The maturation of the brain of unborn infants is given a gentle “prod” by its mother. A protein messenger from the mother’s blood is transferred to the embryo and stimulates the growth and wiring of the neurons in the brain.
Neuroscientists in Bochum (Prof. Petra Wahle, Developmental Neurobiology at the Ruhr University), Magdeburg (Dr. Peter Landgraf, Prof. Michael R. Kreutz) and in Münster (Prof. Hans-Christian Pape) performed a detailed investigation of this signal transduction pathway and identified those molecules in the brain of the embryo that interact with the maternal messenger. This achievement delivers an important step towards the comprehension of this signal transduction pathway. Their research work is published in the current volume of the Journal of Biological Chemistry.
The maternal immune system produces a signal molecule
In previous studies, the scientists had already managed to isolate the polypeptide messenger that plays a decisive role in the brain development of embryos and newborn infants, namely the “survival promoting peptide / Y P30.” Y-P30 enhances the survival of thalamic (diencephalic) neurons and promotes the neuritogenic activity of cerebellar and thalamic neurons. Prof. Wahle explained that it is “interesting to note that Y-P30 is not synthesized directly within the developing infant brain, but is produced by specific immune cells of the mother’s blood during pregnancy.
From there it passes the blood-placenta barrier and accumulates - inter alia - in neurons of the cerebral cortex of the embryo.” (Landgraf P, Sieg F, Wahle P, Meyer G, Kreutz MR, Pape HC (2005) “A maternal blood-borne factor promotes survival of the developing thalamus”. FASEB Journal 19:225-227.”) The scientists were able to provide evidence of the peptide in the brain of fetuses of mice and humans, and of postnatal rats.

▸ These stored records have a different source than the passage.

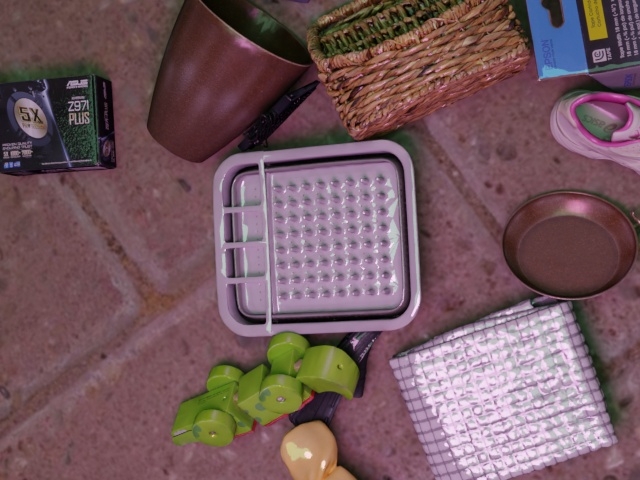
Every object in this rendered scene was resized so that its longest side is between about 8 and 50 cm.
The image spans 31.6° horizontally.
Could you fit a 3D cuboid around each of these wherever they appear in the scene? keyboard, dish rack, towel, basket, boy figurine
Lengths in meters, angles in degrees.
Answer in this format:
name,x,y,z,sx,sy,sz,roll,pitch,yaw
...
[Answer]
name,x,y,z,sx,sy,sz,roll,pitch,yaw
keyboard,-0.066,-0.172,1.707,0.100,0.192,0.038,-31,85,-32
dish rack,0.000,0.000,1.730,0.333,0.072,0.285,-4,87,23
towel,0.273,0.227,1.685,0.284,0.121,0.235,-22,84,11
basket,0.133,-0.304,1.664,0.299,0.213,0.223,-24,86,9
boy figurine,0.033,0.401,1.711,0.092,0.177,0.285,-36,91,-34

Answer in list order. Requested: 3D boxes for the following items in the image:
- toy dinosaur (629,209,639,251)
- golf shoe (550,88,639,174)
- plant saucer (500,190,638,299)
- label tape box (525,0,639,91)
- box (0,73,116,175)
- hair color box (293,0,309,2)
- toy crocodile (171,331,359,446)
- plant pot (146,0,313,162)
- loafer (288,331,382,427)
name,x,y,z,sx,sy,sz,roll,pitch,yaw
toy dinosaur,0.519,-0.019,1.683,0.183,0.053,0.092,-19,102,17
golf shoe,0.484,-0.143,1.638,0.306,0.140,0.115,16,91,9
plant saucer,0.367,0.014,1.670,0.198,0.036,0.198,-5,53,7
label tape box,0.466,-0.351,1.639,0.334,0.106,0.240,-8,76,10
box,-0.431,-0.185,1.835,0.180,0.077,0.147,-3,88,10
hair color box,-0.188,-0.504,1.777,0.374,0.113,0.185,12,91,10
toy crocodile,-0.094,0.240,1.724,0.340,0.115,0.105,-28,122,28
plant pot,-0.163,-0.240,1.738,0.215,0.215,0.230,39,110,9
loafer,0.039,0.211,1.750,0.078,0.076,0.223,37,100,4
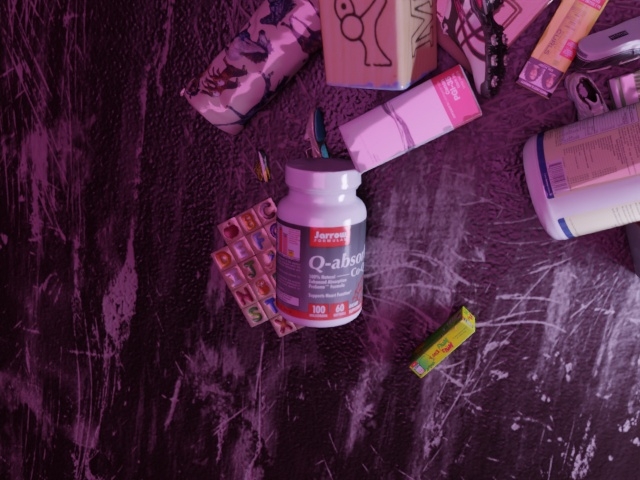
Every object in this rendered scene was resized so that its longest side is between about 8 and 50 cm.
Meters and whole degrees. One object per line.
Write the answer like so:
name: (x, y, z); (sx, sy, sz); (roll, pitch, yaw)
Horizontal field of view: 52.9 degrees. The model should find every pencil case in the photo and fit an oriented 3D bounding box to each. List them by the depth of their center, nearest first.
pencil case: (-0.142, -0.424, 1.473); (0.410, 0.160, 0.183); (-43, 82, 19)

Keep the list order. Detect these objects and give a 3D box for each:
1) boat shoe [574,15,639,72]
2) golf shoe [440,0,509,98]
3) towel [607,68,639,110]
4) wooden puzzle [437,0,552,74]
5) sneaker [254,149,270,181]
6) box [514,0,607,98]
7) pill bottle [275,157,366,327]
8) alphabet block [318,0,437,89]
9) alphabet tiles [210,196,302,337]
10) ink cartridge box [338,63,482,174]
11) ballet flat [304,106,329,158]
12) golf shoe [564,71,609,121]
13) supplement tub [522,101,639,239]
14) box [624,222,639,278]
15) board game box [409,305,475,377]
boat shoe: (0.633, -0.406, 1.340); (0.220, 0.070, 0.077); (-15, 56, -1)
golf shoe: (0.319, -0.428, 1.338); (0.120, 0.105, 0.272); (-1, 102, 35)
towel: (0.800, -0.281, 1.355); (0.325, 0.038, 0.247); (-16, 101, 15)
wooden puzzle: (0.342, -0.583, 1.366); (0.322, 0.080, 0.348); (43, 114, 0)
sneaker: (-0.151, -0.183, 1.604); (0.035, 0.031, 0.083); (-9, 102, 16)
box: (0.512, -0.424, 1.372); (0.087, 0.058, 0.232); (30, 108, 5)
pill bottle: (0.000, 0.000, 1.501); (0.210, 0.210, 0.362); (5, 109, 12)
alphabet block: (0.125, -0.439, 1.347); (0.193, 0.193, 0.197); (11, 123, 28)
alphabet tiles: (-0.117, 0.074, 1.673); (0.285, 0.011, 0.342); (-26, 97, 18)
ink cartridge box: (0.200, -0.264, 1.407); (0.283, 0.207, 0.117); (-24, 96, 17)
ballet flat: (-0.015, -0.233, 1.548); (0.052, 0.057, 0.168); (-5, 103, 24)
golf shoe: (0.582, -0.280, 1.379); (0.069, 0.086, 0.176); (-33, 96, 17)
supplement tub: (0.602, -0.146, 1.300); (0.325, 0.235, 0.235); (-15, 100, 30)
box: (0.837, -0.012, 1.320); (0.346, 0.215, 0.168); (-16, 100, 16)
board game box: (0.298, 0.249, 1.577); (0.043, 0.092, 0.181); (44, 109, 0)
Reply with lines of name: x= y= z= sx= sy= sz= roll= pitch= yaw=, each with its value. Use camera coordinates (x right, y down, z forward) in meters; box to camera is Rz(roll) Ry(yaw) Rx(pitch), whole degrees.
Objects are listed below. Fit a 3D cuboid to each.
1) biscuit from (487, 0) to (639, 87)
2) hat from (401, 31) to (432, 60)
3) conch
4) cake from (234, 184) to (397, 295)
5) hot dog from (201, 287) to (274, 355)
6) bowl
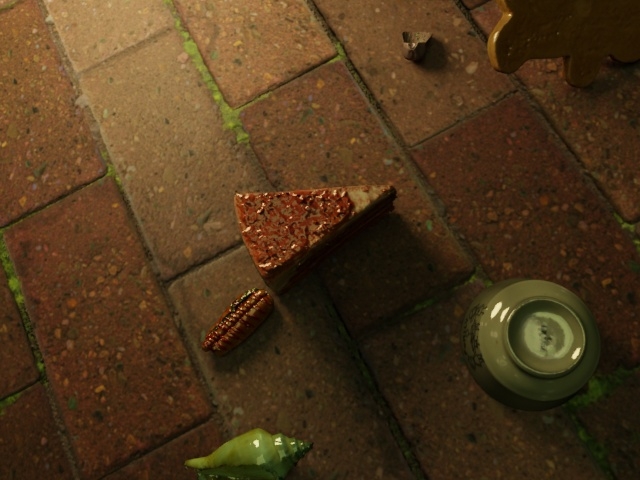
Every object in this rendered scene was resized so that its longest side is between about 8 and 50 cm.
biscuit: x=0.444 y=-0.379 z=0.901 sx=0.339 sy=0.047 sz=0.216 roll=-5 pitch=111 yaw=-12
hat: x=0.182 y=-0.369 z=0.986 sx=0.058 sy=0.042 sz=0.087 roll=5 pitch=41 yaw=9
conch: x=-0.106 y=0.345 z=0.797 sx=0.200 sy=0.079 sz=0.095 roll=-29 pitch=86 yaw=16
cake: x=0.000 y=0.000 z=0.839 sx=0.261 sy=0.158 sz=0.160 roll=-4 pitch=78 yaw=4
hot dog: x=-0.141 y=0.138 z=0.876 sx=0.144 sy=0.038 sz=0.062 roll=-43 pitch=75 yaw=-6
bowl: x=0.324 y=0.150 z=0.784 sx=0.211 sy=0.112 sz=0.212 roll=-2 pitch=74 yaw=8
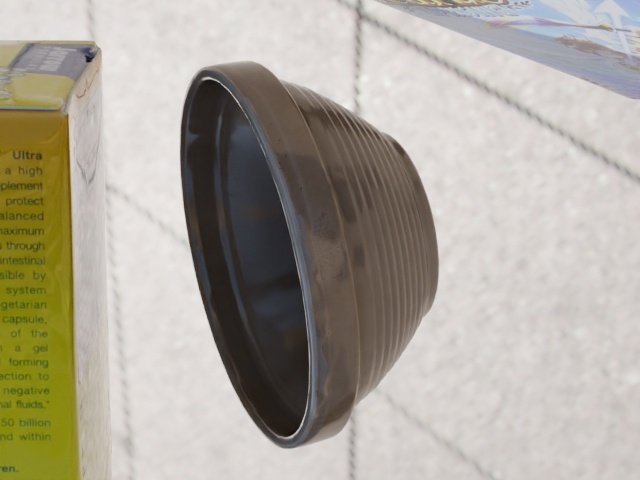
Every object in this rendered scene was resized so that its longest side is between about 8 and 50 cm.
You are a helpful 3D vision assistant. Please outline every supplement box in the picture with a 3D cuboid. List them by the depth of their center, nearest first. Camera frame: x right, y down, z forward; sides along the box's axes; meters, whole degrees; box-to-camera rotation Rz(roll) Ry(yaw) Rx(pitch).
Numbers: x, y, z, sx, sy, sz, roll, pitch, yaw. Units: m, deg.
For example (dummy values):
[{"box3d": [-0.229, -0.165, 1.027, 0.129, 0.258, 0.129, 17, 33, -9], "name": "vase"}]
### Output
[{"box3d": [-0.243, 0.061, 1.282, 0.194, 0.195, 0.356, -89, 0, -73], "name": "supplement box"}]

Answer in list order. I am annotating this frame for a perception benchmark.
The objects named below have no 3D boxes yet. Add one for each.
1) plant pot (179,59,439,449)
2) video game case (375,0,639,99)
[{"box3d": [0.000, 0.000, 1.204, 0.237, 0.109, 0.237, 166, 90, -72], "name": "plant pot"}, {"box3d": [0.139, -0.126, 0.940, 0.269, 0.244, 0.061, 10, 82, 62], "name": "video game case"}]

Messengers need receptors to be effective
It was of particular interest to identify possible receptors for Y-P30 to enable investigation of the biological role of the messenger and to clarify its mechanisms of action. The research team has succeeded in identifying the molecules that interact with Y-P30, namely pleiotrophin, a protein within the extracellular space, and so-called syndecans, i.e. proteins on the cell surface. It was known that both binding partners could promote the growth of neurons. The scientists were now able to show the Y-P30 enhances the development of the pleiotrophin/syndecan signaling complex and stabilizes it.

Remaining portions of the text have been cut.